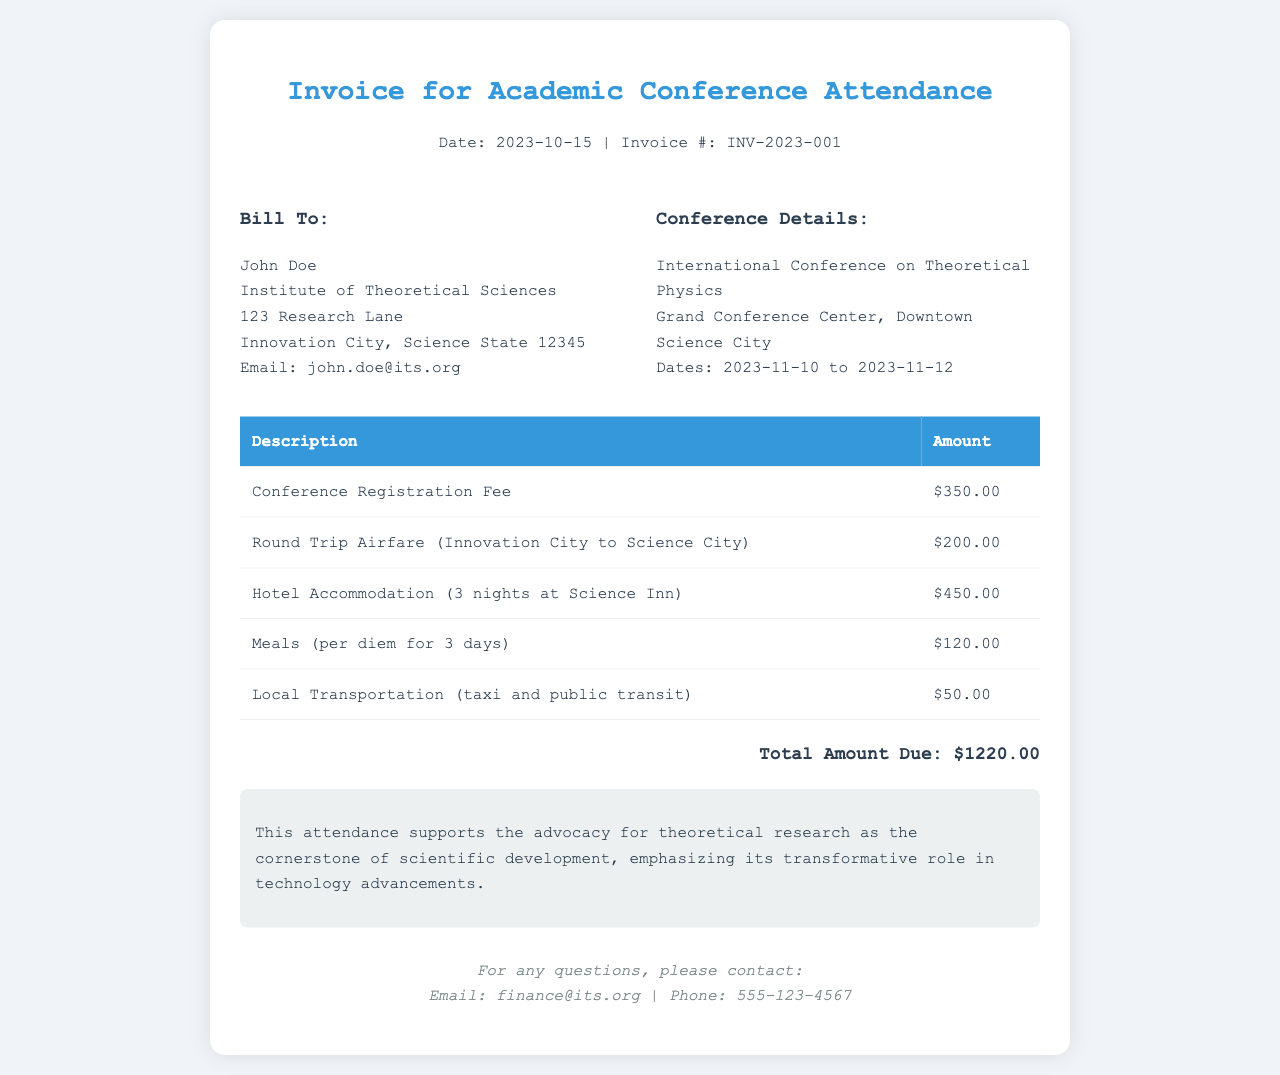What is the invoice number? The invoice number is provided in the document header as INV-2023-001.
Answer: INV-2023-001 What is the total amount due? The total amount due is calculated at the bottom of the invoice as $1220.00.
Answer: $1220.00 Who is the invoice billed to? The billing information includes the person's name and institution, which is John Doe at the Institute of Theoretical Sciences.
Answer: John Doe What are the dates of the conference? The conference dates are specified within the conference details section as 2023-11-10 to 2023-11-12.
Answer: 2023-11-10 to 2023-11-12 How much is the conference registration fee? The registration fee is listed in the itemized expenses as $350.00.
Answer: $350.00 What is emphasized in the note at the bottom? The note explains the importance of theoretical research in science and technology advancements, highlighting its transformative role.
Answer: Theoretical research as cornerstone What is the name of the hotel for accommodations? The document refers to the hotel as Science Inn for the accommodation during the conference.
Answer: Science Inn How many nights is the hotel accommodation for? The hotel accommodation is for 3 nights as indicated under the itemized expenses.
Answer: 3 nights What is the email address provided for questions? The email address for inquiries is provided at the bottom of the invoice as finance@its.org.
Answer: finance@its.org 
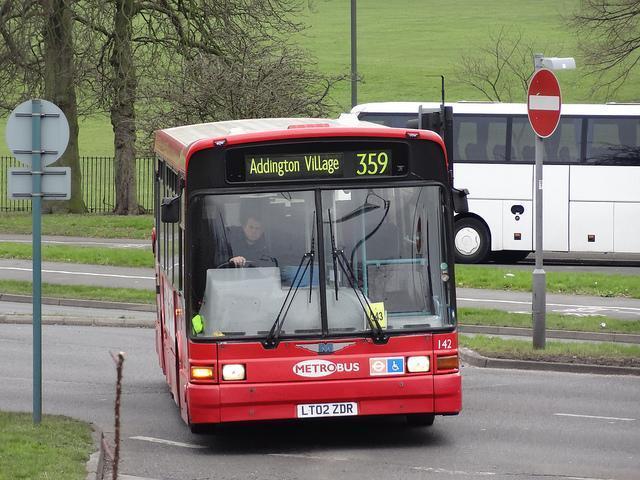How many buses are visible?
Give a very brief answer. 2. How many cars are in the intersection?
Give a very brief answer. 0.

> _WHAT YOU NEED TO DO_: Set down the entries word for word, omitting all pictures.

> _TASK RESPONSE_:
What is the invoice number? The invoice number is provided in the document header as INV-2023-001.
Answer: INV-2023-001 What is the total amount due? The total amount due is calculated at the bottom of the invoice as $1220.00.
Answer: $1220.00 Who is the invoice billed to? The billing information includes the person's name and institution, which is John Doe at the Institute of Theoretical Sciences.
Answer: John Doe What are the dates of the conference? The conference dates are specified within the conference details section as 2023-11-10 to 2023-11-12.
Answer: 2023-11-10 to 2023-11-12 How much is the conference registration fee? The registration fee is listed in the itemized expenses as $350.00.
Answer: $350.00 What is emphasized in the note at the bottom? The note explains the importance of theoretical research in science and technology advancements, highlighting its transformative role.
Answer: Theoretical research as cornerstone What is the name of the hotel for accommodations? The document refers to the hotel as Science Inn for the accommodation during the conference.
Answer: Science Inn How many nights is the hotel accommodation for? The hotel accommodation is for 3 nights as indicated under the itemized expenses.
Answer: 3 nights What is the email address provided for questions? The email address for inquiries is provided at the bottom of the invoice as finance@its.org.
Answer: finance@its.org 
How many buses are visible?
Give a very brief answer. 2. How many cars are in the intersection?
Give a very brief answer. 0.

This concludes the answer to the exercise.